What CrossPool does not do is make cold models free. It makes their co-residency cheaper by consolidating the memory that was reserved per model, and it pays for that with a transfer path that has to keep up. The durable insight, the part that outlives this paper’s specific numbers, is the lifetime mismatch: static weights and transient KV-cache live on different timescales, and provisioning for the worst case of each, per model, inside one pool is the structural mistake. CrossPool is one particular way to stop making it. Whether it is the right way for a given cluster comes down to the same wire the rest of disaggregated serving lives or dies on: how fast you can move the bytes.

Frequently Asked Questions

Does the pooling pattern help for dense, non-MoE checkpoints?

Less so. The memory savings concentrate in the FFN, and MoE inflates that resident footprint through replicated expert matrices that a dense model simply does not carry. Dense multi-tenant serving already has mature continuous-batching and paged-KV stacks, so importing CrossPool’s per-layer hidden-state transfer there adds coordination cost against a much smaller consolidation upside.

How should readers compare the 10.4× latency figure to the 75.67% cost cut in the serverless MoE study?

They sit on different axes and cannot be ranked. The 75.67% reduction from arXiv:2501.05313 measures billed cost of MoE layers placed on AWS Lambda against a CPU-cluster baseline, while CrossPool’s 10.4× measures P99 time-between-tokens against kvcached on GPU. One is a billing ratio against a weak baseline, the other a latency ratio within the same device class.

Which attention designs make CrossPool’s algorithmic win smaller?

The win the paper targets depends on KV-head-limited attention, where MLA, MQA, or sub-group GQA expose only a half or quarter of replicated KV capacity to one request. An architecture that reverts to full multi-head attention with head count at or above the data-parallel group size would make per-replica KV fully reachable, dissolving the ‘fat on paper, unusable’ failure and shrinking that component of the gain.

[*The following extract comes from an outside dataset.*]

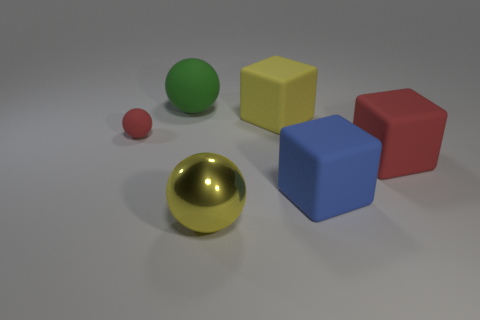Add 1 matte things. How many objects exist? 7 Add 1 blue things. How many blue things are left? 2 Add 5 red cubes. How many red cubes exist? 6 Subtract 0 gray cylinders. How many objects are left? 6 Subtract all large red cubes. Subtract all large yellow metal objects. How many objects are left? 4

Why are persistent kernels with control lowering load-bearing for this design?

Cold traffic means small batches, and small batches make per-launch CPU-to-GPU control overhead a large fraction of each layer’s wall-clock time. The layer-split boundary multiplies the number of kernel boundaries per forward pass, so without persistent kernels keeping the stream resident and control lowering moving scheduling off the CPU critical path, that overhead would compound and eat the pooling savings.

Does CrossPool require RDMA-class interconnect to net positive?

The paper does not mandate it, but the prefill-decode precedent set by NVIDIA Dynamo is a warning: on that path, absence of RDMA forces a TCP fallback and KV movement dominates time-to-first-token. CrossPool moves a smaller tensor (hidden states, not full KV) on a different cadence (every layer, not per phase), so the RDMA threshold is lower, but a cluster limited to PCIe or TCP-only fabrics should expect the layer-wise scheduler to struggle to hide transfers in cold, low-batch traffic.